It's time to look closely at investment exposure involving the eurozone and the beleagured euro.
The other day I saw a great tweet that summed up the eurozone crisis in one quip: 'The euro is dead. They’re just bickering over who pays for the funeral.'
I don’t believe the euro will disappear, but I do believe there will be some big changes, and ETF investors need to protect themselves accordingly.
Firstly, anyone with European equity exposure needs to stop, analyze and reposition if necessary.
Every week here at IndexUniverse, we update our MSCI Currency Impact Report, and one thing is glaringly clear—the euro’s depreciation has destroyed returns. Never mind the fact that most of the European equities are well in the red in local terms.
For a country like Ireland, which seems to have put its banking crisis in the rearview mirror, the euro has been nothing short of a millstone for Irish equities.
In the past 12 months, Irish equities have risen 6 percent on a local basis. However, U.S. investors, whose euro-based Irish investments are turned back into dollars when they cash out, have seen returns of -4 percent in that same period due to the euro’s depreciation.

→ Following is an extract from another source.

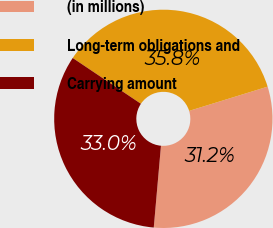<chart> <loc_0><loc_0><loc_500><loc_500><pie_chart><fcel>(in millions)<fcel>Long-term obligations and<fcel>Carrying amount<nl><fcel>31.16%<fcel>35.82%<fcel>33.01%<nl></chart> 
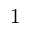Convert formula to latex. <formula><loc_0><loc_0><loc_500><loc_500>1</formula>

Some may believe that the worst is behind us and that a Greek exit from the eurozone is already priced into the euro’s current value.
I’m sorry, but I’m still skeptical of that analysis.
Greek banks have seen a record amount of deposits being pulled out. To make matters worse, as Greek banks become more dependent on the European Central Bank, the ECB has said it will “temporarily” stop lending to some Greek banks to limit its exposure and risk.
In other words, the ECB seems to be preparing its balance sheet for a Greek exit, and you should too.
Should Greece exit—some are calling it a “Grexit”—the euro will undoubtedly take another brutal hit in the short run.
Luckily, ETF investors with significant European exposure have something at their disposal to ease the pain—the PowerShares DB US Dollar Index Bullish Fund (NYSEArca: UUP).
I’ve had my gripes with UUP regarding the lack of diversity in the fund and how it fails to represent the true value of the dollar on a global scale.
Nearly 60 percent of its portfolio represents a short position in the euro relative to the dollar. However, that’s exactly what makes UUP a great hedging option for those wishing to mitigate the pain from the currency exposure of European equities.
UUP’s price has been relatively steady in the past year—and has even eked out slightly positive returns of 3.06 percent.
The MSCI Europe Index, on which the Vanguard Europe ETF (NYSEArca: VGK) is based, has meanwhile wallowed in the red, losing 16.60 percent over the same period.
The returns VGK and UUP would bring your total returns much would be more in line with the -10 percent that local investors experienced free of the euro head winds.
To be fair, Greece’s impending exit may not be a complete death sentence for the euro. But it would bring more hardship to Greek citizens and may cause them to long for days when austerity measures were the talk of the day.
That’s because if the country were to move toward a reincarnated drachma, inflation would take its toll on citizens’ life savings, and bank runs would only get worse.
The scenes from such an event may serve as a warning to Italy and Spain that the grass on the other side isn’t that much greener.
It’s still too early to tell how all this will play out, but one thing’s for sure, the future is not bright, so prepare accordingly.